_WHAT THIS TASK INVOLVES_
Each line containing the word "whole" must be copied from the material below.

Segment Start: ENTRIES PROVIDED

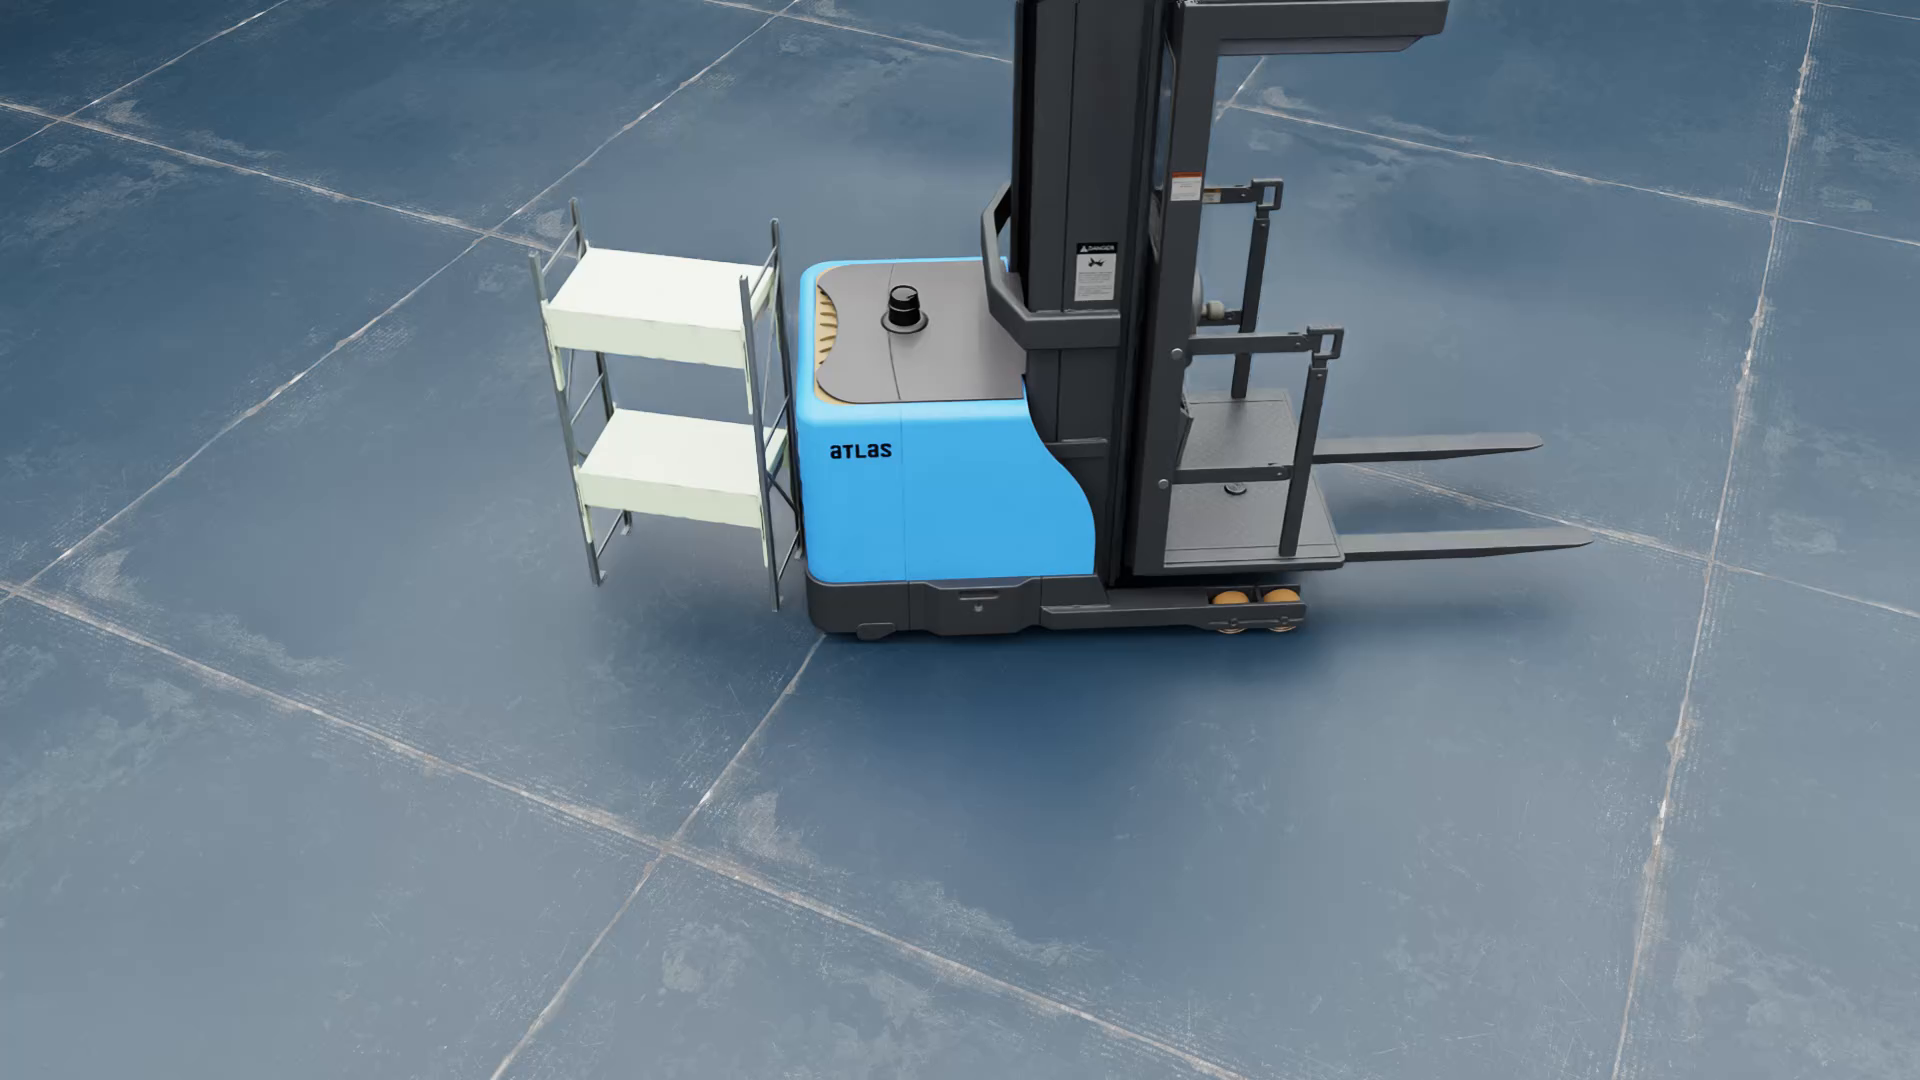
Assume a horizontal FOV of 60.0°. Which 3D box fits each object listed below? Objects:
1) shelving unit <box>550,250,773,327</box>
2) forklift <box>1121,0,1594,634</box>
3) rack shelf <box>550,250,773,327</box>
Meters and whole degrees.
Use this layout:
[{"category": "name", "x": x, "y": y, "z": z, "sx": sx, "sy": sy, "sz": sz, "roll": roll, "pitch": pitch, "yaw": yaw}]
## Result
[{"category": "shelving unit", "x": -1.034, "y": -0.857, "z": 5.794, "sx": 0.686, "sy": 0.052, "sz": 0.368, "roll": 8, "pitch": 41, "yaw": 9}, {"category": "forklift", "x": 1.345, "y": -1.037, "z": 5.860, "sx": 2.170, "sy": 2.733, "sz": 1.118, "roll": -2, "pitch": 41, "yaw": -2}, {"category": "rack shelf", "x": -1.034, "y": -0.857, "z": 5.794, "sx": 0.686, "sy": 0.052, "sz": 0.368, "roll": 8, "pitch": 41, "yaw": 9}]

Segment End: ENTRIES PROVIDED
Segment Start: ENTRIES PROVIDED

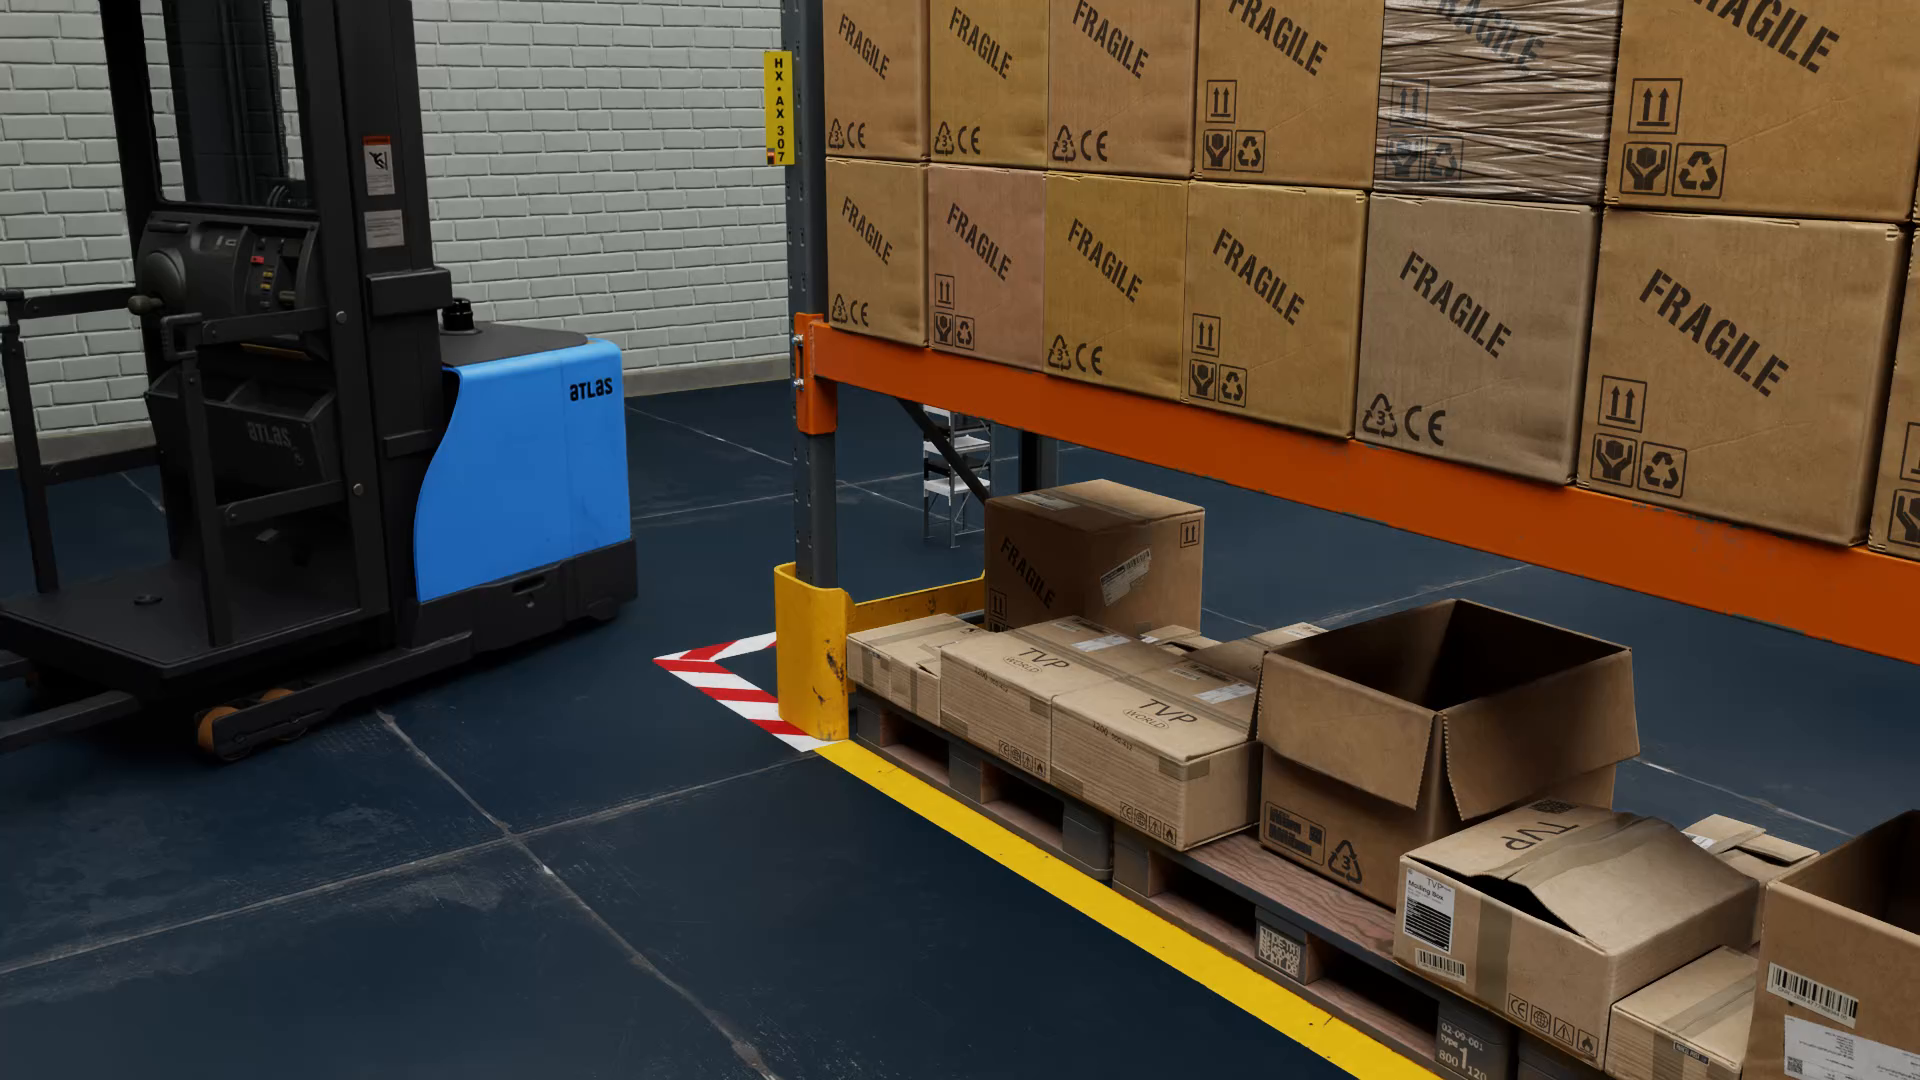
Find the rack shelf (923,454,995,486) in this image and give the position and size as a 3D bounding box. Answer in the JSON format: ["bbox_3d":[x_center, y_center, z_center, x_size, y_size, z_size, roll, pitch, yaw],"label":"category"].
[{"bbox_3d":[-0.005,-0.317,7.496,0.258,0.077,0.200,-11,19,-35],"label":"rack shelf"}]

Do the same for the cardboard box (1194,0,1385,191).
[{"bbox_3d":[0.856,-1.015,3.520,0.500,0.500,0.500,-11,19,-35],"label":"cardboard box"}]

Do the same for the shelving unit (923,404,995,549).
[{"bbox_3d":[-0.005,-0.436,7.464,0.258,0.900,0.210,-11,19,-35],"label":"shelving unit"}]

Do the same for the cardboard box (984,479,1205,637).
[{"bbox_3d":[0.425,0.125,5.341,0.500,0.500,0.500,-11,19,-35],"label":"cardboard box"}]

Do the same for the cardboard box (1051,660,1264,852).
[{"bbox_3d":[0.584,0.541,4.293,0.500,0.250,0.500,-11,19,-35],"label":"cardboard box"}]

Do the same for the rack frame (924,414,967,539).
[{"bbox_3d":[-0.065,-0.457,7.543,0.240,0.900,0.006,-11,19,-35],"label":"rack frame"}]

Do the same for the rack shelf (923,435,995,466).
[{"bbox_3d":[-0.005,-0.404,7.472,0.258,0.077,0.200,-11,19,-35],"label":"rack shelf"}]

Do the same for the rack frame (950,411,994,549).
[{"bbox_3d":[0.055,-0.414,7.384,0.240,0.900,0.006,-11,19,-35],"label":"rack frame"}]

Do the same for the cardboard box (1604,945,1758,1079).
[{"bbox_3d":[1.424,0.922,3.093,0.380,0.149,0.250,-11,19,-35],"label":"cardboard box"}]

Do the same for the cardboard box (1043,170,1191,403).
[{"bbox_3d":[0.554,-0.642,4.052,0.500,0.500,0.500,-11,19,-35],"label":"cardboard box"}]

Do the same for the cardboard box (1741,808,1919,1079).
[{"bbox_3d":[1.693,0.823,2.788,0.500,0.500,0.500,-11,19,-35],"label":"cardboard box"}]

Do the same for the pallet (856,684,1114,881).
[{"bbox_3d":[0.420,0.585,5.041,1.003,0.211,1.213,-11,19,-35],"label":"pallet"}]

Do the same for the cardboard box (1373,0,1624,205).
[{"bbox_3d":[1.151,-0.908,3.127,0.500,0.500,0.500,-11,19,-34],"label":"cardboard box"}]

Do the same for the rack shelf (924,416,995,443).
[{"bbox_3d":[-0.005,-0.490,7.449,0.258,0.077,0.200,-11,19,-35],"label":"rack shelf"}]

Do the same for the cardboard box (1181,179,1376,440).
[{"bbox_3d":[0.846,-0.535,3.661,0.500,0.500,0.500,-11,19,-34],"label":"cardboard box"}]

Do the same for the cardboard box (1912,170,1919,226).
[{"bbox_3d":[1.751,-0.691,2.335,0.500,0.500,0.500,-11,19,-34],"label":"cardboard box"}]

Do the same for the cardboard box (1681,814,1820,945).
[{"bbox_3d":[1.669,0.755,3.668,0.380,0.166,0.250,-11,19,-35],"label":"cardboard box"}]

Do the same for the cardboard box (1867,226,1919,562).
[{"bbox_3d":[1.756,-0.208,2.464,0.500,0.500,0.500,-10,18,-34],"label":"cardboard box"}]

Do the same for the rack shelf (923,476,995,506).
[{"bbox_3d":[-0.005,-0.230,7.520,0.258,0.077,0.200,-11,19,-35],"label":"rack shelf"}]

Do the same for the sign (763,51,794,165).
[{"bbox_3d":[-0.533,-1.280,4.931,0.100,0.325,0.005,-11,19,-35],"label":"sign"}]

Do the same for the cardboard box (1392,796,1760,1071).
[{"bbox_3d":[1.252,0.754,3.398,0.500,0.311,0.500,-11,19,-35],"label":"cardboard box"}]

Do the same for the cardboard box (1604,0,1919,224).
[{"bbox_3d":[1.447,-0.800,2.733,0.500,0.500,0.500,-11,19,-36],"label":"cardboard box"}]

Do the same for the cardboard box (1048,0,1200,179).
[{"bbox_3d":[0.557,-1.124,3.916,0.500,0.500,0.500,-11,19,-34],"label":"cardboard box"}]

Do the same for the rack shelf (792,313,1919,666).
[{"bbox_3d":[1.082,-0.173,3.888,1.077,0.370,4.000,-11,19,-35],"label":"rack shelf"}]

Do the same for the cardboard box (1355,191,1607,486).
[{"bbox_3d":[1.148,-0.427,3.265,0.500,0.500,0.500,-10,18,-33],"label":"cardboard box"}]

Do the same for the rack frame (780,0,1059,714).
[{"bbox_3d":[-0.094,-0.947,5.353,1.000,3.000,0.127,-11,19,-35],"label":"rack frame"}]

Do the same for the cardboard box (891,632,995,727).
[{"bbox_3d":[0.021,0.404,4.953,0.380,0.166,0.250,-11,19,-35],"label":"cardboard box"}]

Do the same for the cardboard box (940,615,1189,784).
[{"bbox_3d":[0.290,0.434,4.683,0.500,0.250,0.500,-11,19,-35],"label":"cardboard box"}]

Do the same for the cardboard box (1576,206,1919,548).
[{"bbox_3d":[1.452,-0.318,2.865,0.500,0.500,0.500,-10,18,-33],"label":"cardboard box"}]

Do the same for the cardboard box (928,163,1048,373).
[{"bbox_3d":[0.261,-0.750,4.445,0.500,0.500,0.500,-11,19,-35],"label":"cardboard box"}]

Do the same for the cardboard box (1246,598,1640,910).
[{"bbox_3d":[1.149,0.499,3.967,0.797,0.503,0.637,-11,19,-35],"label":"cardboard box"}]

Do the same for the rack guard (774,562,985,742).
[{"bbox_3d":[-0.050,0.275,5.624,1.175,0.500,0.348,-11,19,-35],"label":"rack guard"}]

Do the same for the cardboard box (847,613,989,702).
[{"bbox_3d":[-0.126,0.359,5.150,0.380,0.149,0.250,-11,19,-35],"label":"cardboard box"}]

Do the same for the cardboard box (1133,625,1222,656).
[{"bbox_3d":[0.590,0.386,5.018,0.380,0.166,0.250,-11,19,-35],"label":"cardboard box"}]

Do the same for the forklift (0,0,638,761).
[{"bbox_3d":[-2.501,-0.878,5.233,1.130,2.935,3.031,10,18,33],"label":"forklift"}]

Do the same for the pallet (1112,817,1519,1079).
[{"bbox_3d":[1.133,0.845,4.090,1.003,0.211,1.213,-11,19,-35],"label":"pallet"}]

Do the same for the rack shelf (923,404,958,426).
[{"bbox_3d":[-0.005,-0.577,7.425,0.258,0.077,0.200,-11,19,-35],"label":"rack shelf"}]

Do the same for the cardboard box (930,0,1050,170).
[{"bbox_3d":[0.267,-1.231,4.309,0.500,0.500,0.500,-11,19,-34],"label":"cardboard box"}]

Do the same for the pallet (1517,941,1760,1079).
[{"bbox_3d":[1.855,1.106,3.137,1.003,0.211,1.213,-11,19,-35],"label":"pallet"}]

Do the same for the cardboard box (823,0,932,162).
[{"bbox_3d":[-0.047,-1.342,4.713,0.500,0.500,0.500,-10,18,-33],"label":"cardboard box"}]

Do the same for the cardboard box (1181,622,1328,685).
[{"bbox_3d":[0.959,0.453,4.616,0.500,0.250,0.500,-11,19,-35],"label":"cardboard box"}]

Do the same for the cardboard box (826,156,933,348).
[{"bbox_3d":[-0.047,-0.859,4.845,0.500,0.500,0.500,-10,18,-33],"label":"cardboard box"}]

Segment End: ENTRIES PROVIDED
Segment Start: ENTRIES PROVIDED

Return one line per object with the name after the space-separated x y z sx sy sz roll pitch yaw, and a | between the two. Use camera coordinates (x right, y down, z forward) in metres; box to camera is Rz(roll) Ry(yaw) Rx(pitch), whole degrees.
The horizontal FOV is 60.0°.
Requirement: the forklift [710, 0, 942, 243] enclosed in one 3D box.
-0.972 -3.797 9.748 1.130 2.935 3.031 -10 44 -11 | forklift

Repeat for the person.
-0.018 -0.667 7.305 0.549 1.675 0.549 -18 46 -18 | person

Segment End: ENTRIES PROVIDED

_TASK SOLUTION_
Meters and whole degrees.
Return one line per object with the name after the space-separated x y z sx sy sz roll pitch yaw, and a | between the two. Use camera coordinates (x right, y down, z forward) in metres; box to camera is Rz(roll) Ry(yaw) Rx(pitch), whole degrees.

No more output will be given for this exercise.